Problem: Go through the data line by line. Copy each one holding the string "picture".

** Opening Record extracts block **

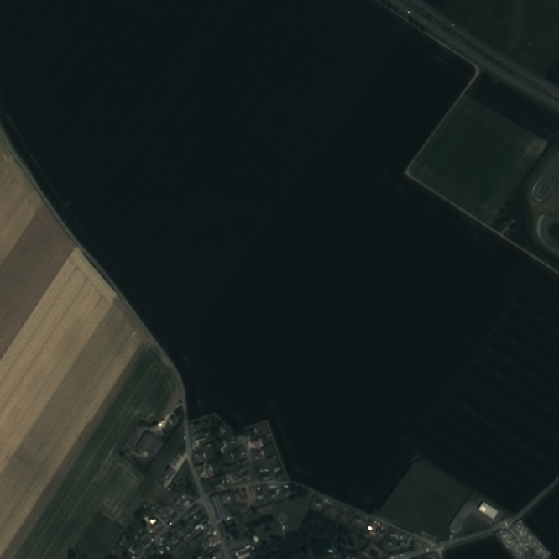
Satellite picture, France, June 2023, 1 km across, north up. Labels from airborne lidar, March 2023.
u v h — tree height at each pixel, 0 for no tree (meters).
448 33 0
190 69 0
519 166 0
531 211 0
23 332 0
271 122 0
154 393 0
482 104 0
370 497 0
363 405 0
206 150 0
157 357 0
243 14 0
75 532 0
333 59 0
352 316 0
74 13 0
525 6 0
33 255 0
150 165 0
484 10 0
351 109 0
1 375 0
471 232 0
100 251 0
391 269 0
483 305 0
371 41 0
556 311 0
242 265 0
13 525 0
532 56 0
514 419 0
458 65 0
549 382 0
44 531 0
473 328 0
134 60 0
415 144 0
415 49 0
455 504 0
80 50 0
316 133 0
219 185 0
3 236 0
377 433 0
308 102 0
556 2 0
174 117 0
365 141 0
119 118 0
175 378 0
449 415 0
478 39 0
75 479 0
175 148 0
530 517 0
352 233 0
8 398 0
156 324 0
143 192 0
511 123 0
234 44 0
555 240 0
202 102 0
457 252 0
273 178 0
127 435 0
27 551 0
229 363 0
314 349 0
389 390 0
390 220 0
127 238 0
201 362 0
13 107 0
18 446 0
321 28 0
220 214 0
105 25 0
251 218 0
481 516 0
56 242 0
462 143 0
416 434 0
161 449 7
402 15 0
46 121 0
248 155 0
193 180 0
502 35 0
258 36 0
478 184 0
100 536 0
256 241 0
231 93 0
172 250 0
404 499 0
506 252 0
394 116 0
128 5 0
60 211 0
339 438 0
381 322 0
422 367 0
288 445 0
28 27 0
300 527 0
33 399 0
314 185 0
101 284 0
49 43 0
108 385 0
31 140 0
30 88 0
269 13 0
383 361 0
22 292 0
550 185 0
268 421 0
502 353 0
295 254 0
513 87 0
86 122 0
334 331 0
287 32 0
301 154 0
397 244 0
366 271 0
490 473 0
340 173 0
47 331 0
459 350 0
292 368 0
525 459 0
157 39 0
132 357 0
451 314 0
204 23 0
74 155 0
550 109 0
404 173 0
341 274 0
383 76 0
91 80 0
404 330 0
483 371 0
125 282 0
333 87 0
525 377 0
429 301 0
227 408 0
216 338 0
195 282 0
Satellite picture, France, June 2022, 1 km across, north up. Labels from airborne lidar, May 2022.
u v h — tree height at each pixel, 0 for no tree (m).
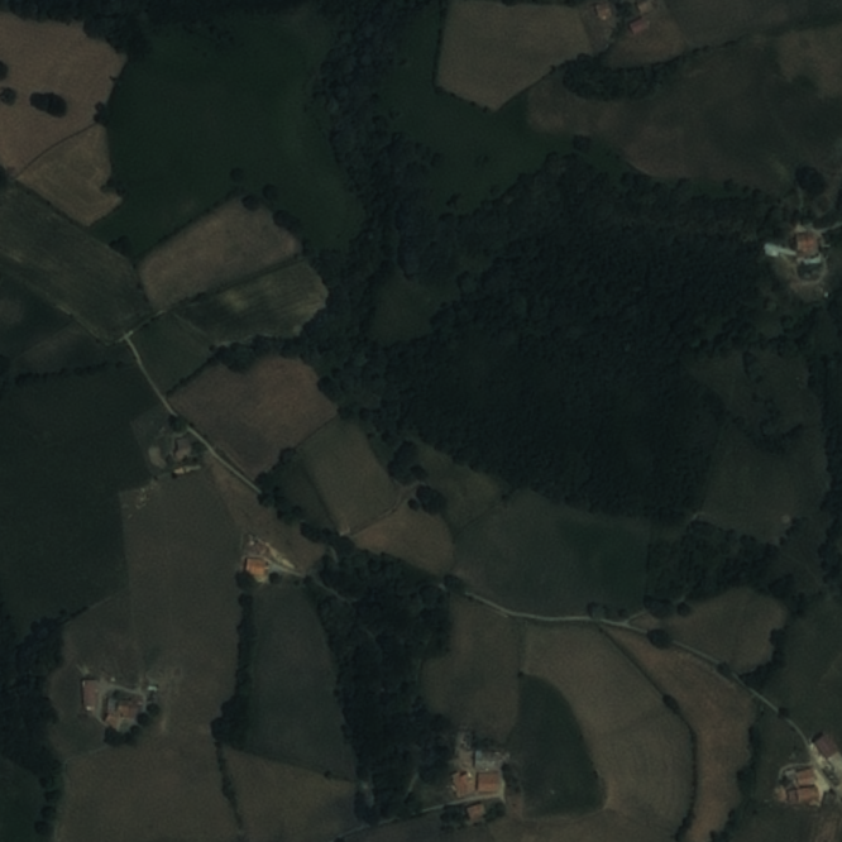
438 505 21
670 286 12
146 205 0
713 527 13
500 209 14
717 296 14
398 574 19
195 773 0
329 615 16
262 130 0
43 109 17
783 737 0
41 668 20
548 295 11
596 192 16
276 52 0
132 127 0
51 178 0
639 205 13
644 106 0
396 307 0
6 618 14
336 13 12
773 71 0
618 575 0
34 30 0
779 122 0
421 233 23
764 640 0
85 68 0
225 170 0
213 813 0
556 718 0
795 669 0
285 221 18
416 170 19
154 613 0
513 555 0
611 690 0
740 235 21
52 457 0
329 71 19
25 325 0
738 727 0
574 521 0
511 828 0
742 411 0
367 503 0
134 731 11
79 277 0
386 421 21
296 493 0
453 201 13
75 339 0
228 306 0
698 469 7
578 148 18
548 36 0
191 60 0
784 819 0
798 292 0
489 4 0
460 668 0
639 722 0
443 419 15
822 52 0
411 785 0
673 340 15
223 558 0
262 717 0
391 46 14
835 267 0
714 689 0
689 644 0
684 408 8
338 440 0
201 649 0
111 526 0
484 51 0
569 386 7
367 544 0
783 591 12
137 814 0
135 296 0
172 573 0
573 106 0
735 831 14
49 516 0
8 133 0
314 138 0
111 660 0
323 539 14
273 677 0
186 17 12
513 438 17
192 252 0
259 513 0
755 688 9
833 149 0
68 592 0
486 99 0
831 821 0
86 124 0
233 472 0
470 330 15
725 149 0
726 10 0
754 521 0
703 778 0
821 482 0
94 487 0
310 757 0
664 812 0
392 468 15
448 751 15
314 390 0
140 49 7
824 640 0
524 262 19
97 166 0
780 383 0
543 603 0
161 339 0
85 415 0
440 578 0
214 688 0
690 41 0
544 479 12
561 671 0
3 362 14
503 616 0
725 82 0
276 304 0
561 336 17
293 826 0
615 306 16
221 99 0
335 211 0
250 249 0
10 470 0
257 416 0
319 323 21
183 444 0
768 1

** Closing Record extracts block **

Response box:
Satellite picture, France, June 2023, 1 km across, north up. Labels from airborne lidar, March 2023.
Satellite picture, France, June 2022, 1 km across, north up. Labels from airborne lidar, May 2022.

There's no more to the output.